F = G * (m1 * m2) / r² = (6.67 × 10^-11) * (3 * 4) / (1²) = 8.01 × 10^-11 N

Two objects of masses 3 kg and 4 kg are placed 1 m apart. What is the gravitational force between them? (G = 6.67 × 10^-11 N m²/kg²)

Two objects of masses 3 kg and 4 kg are placed 1 m apart. What is the gravitational force between them? (G = 6.67 × 10^-11 N m²/kg²)

Step 1: Identify the masses of the two objects. The first object has a mass of 3 kg and the second object has a mass of 4 kg.
Step 2: Identify the distance between the two objects. They are placed 1 meter apart.
Step 3: Write down the formula for gravitational force: F = G * (m1 * m2) / r².
Step 4: Substitute the values into the formula. Here, G = 6.67 × 10^-11 N m²/kg², m1 = 3 kg, m2 = 4 kg, and r = 1 m.

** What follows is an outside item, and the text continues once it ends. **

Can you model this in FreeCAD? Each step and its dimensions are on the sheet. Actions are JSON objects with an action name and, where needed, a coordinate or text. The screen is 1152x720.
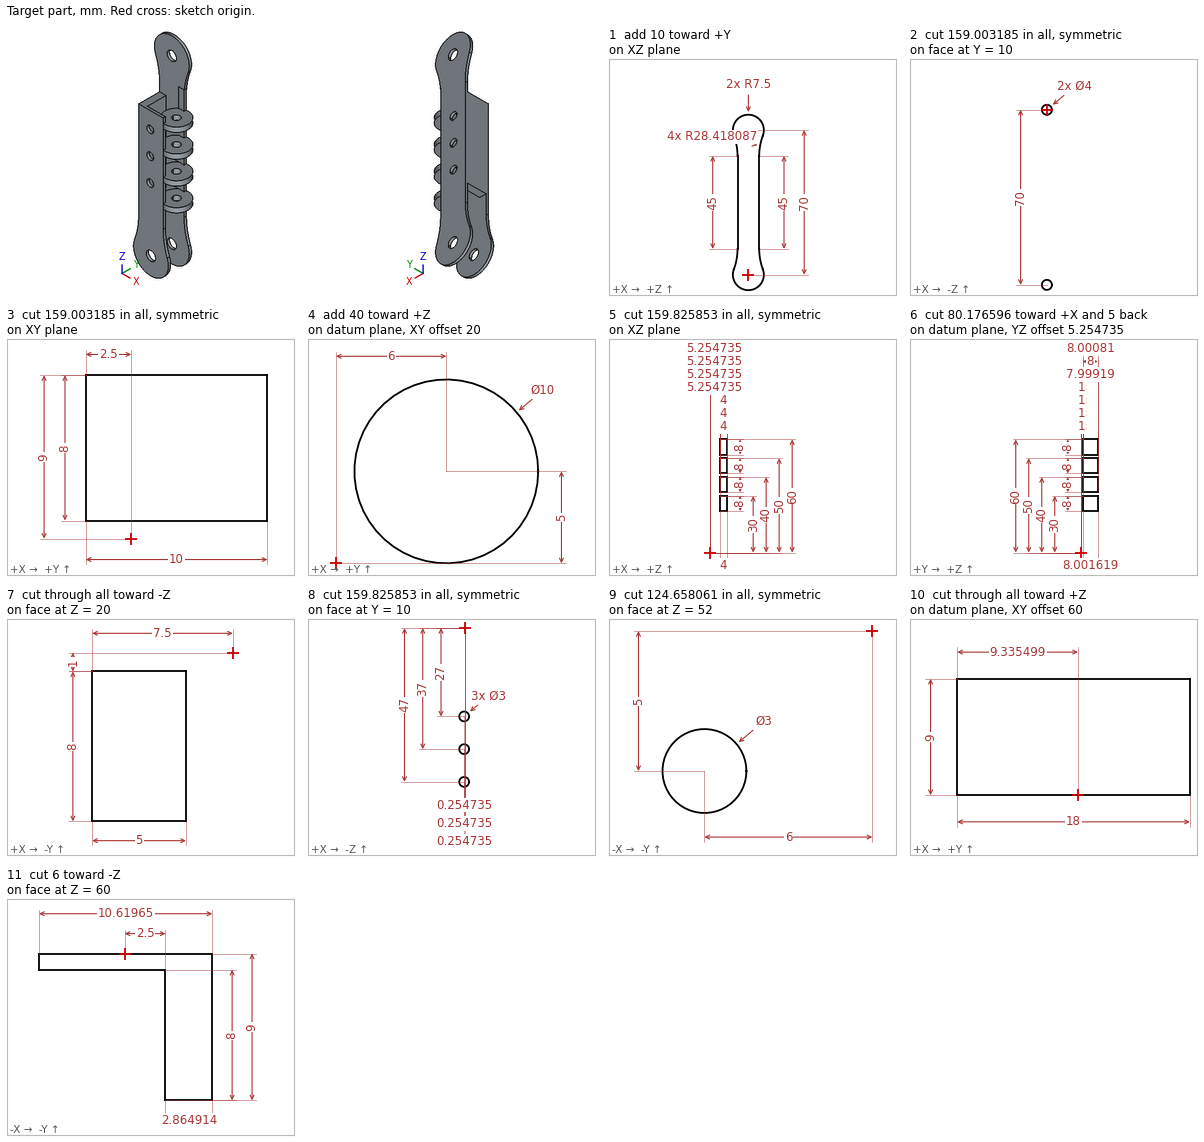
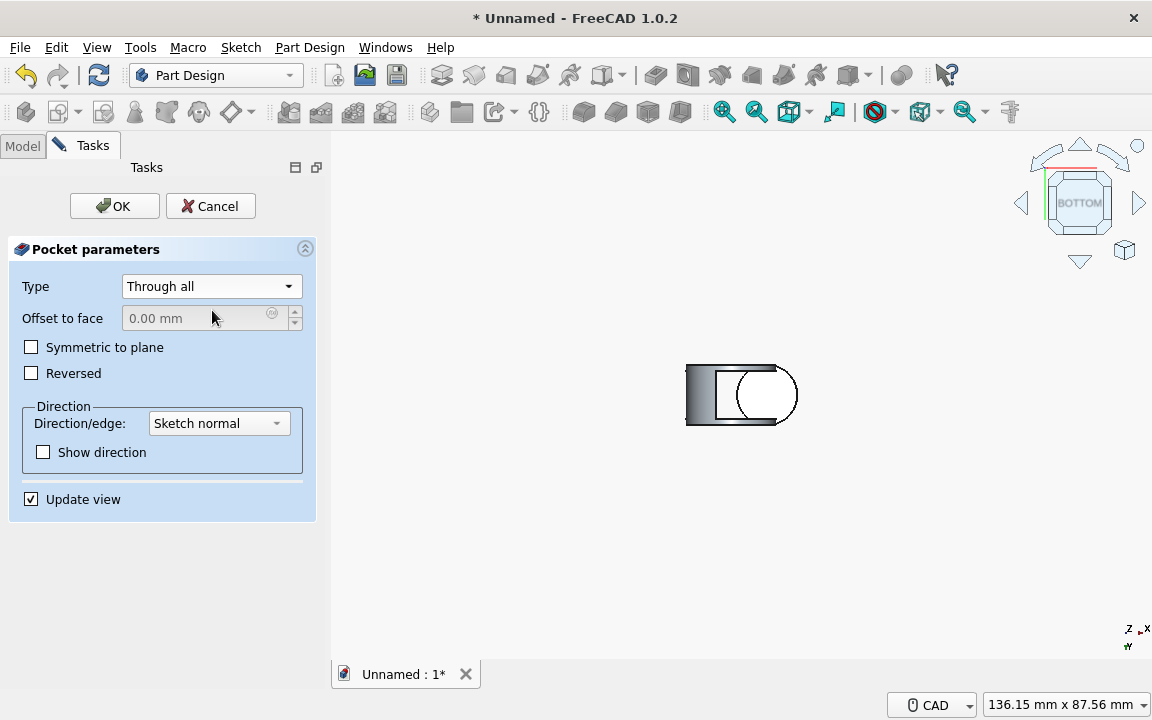
{"action": "left_click", "coordinate": [30, 373]}

Step 5: Calculate the product of the masses: 3 kg * 4 kg = 12 kg².
Step 6: Calculate the square of the distance: 1 m² = 1 m².
Step 7: Substitute these values into the formula: F = (6.67 × 10^-11) * (12) / (1).

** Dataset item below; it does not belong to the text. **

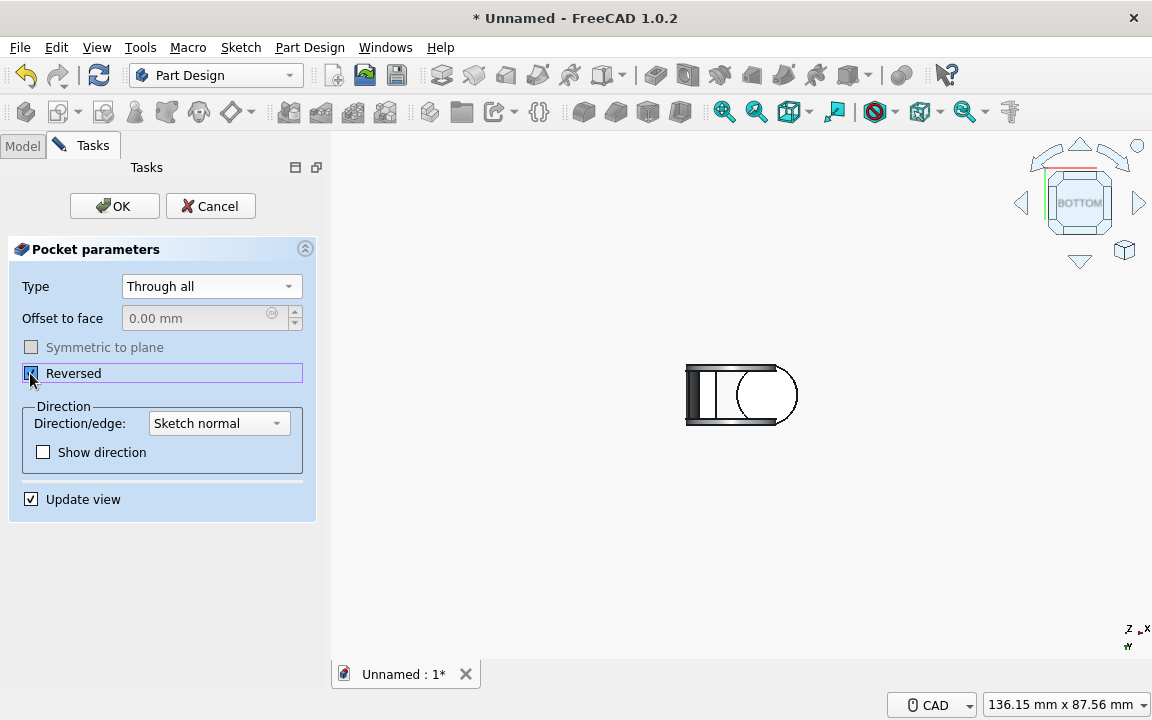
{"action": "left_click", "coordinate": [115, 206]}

Step 8: Perform the multiplication: (6.67 × 10^-11) * (12) = 8.004 × 10^-10 N.
Step 9: Since we are dividing by 1, the result remains the same: F = 8.004 × 10^-10 N.
Step 10: Round the answer to two decimal places: F ≈ 8.01 × 10^-11 N.

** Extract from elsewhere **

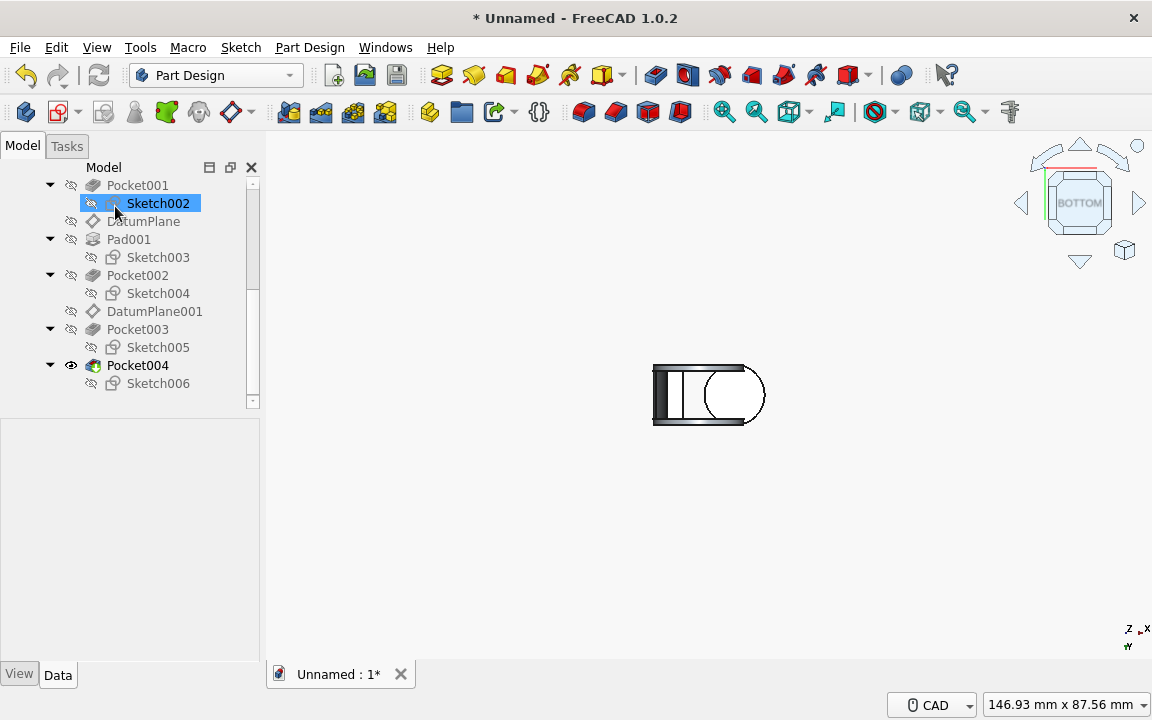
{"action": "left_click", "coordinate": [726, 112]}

Gravitational Force – The gravitational force between two masses is calculated using Newton's law of universal gravitation, which states that the force is proportional to the product of the masses and inversely proportional to the square of the distance between them.
Units and Constants – Understanding the units of gravitational constant (G) and ensuring that all quantities are in the correct units (kg, m, N) is crucial for accurate calculations.
Distance in Gravitational Force – The distance (r) between the two masses must be squared in the formula, which is a common point of confusion.